## WHAT YOU ARE ASKED TO DO
Give back each entry word for word, but drop the images.

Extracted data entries
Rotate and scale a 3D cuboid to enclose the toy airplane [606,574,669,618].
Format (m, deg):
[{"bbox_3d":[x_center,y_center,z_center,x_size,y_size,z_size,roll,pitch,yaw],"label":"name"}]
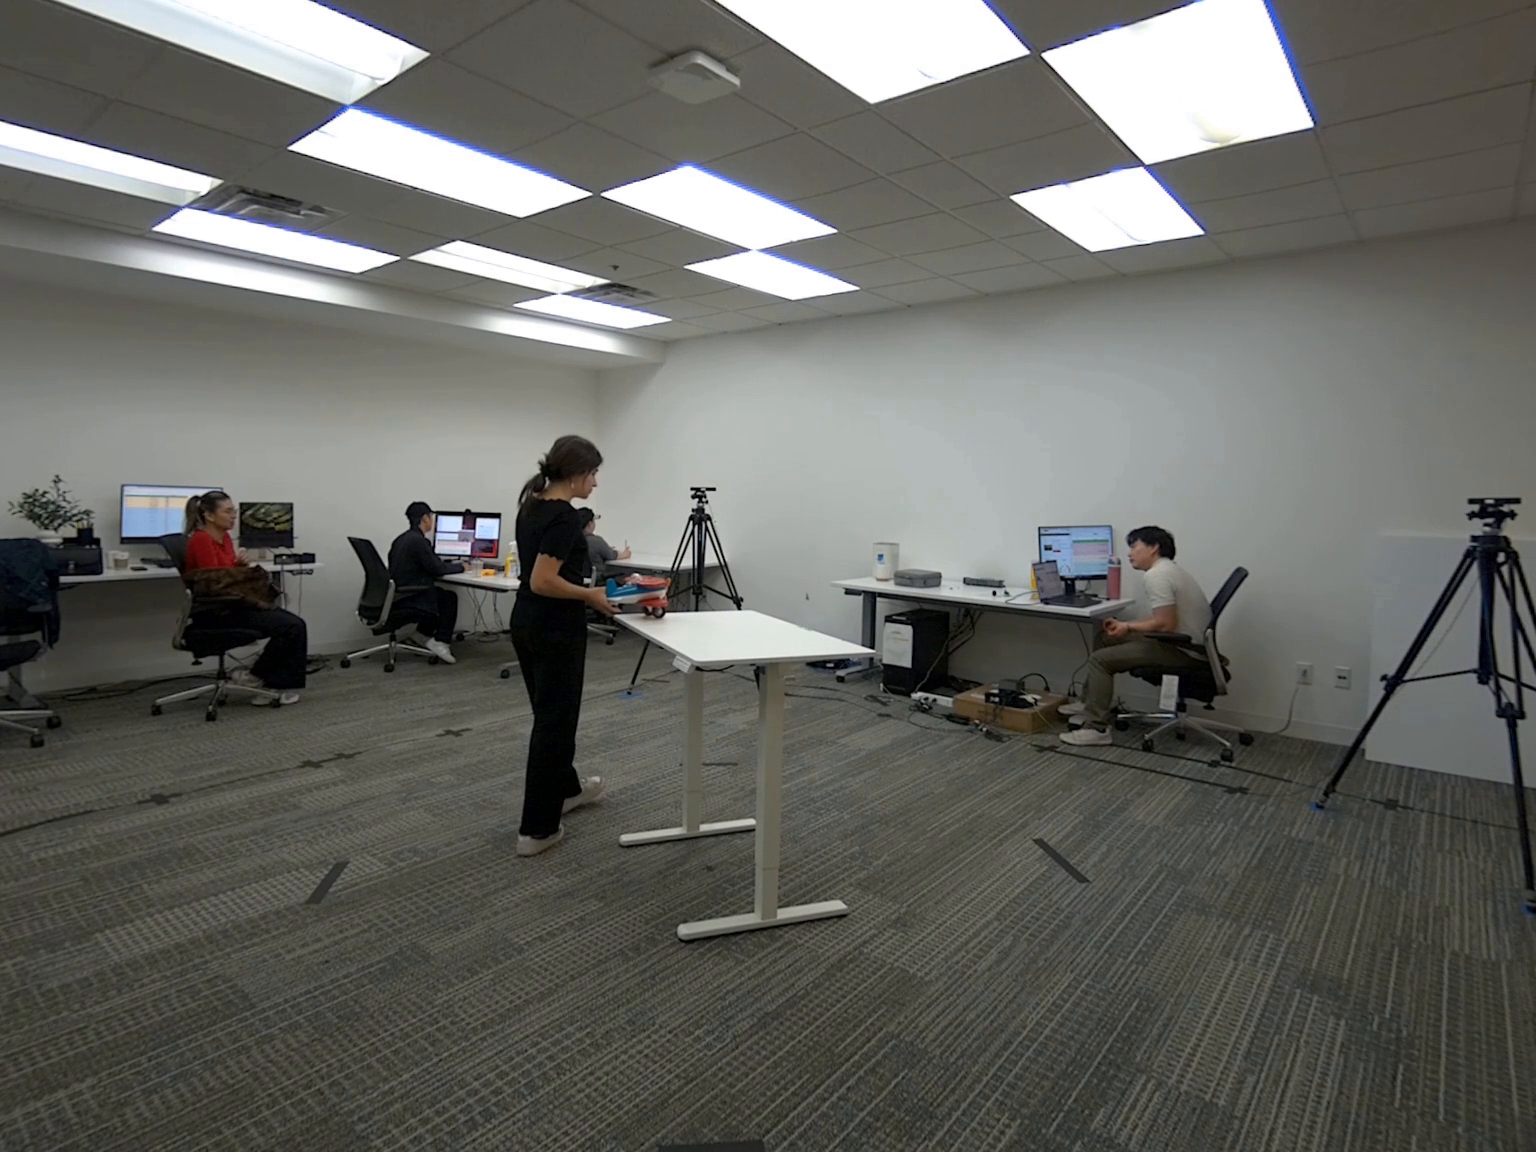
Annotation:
[{"bbox_3d":[-0.513,0.076,3.298,0.259,0.157,0.251,6,-2,29],"label":"toy airplane"}]

## PROBLEM SOLUTION
Rotate and scale a 3D cuboid to enclose the toy airplane [606,574,669,618].
Format (m, deg):
[{"bbox_3d":[x_center,y_center,z_center,x_size,y_size,z_size,roll,pitch,yaw],"label":"name"}]
Annotation:
[{"bbox_3d":[-0.513,0.076,3.298,0.259,0.157,0.251,6,-2,29],"label":"toy airplane"}]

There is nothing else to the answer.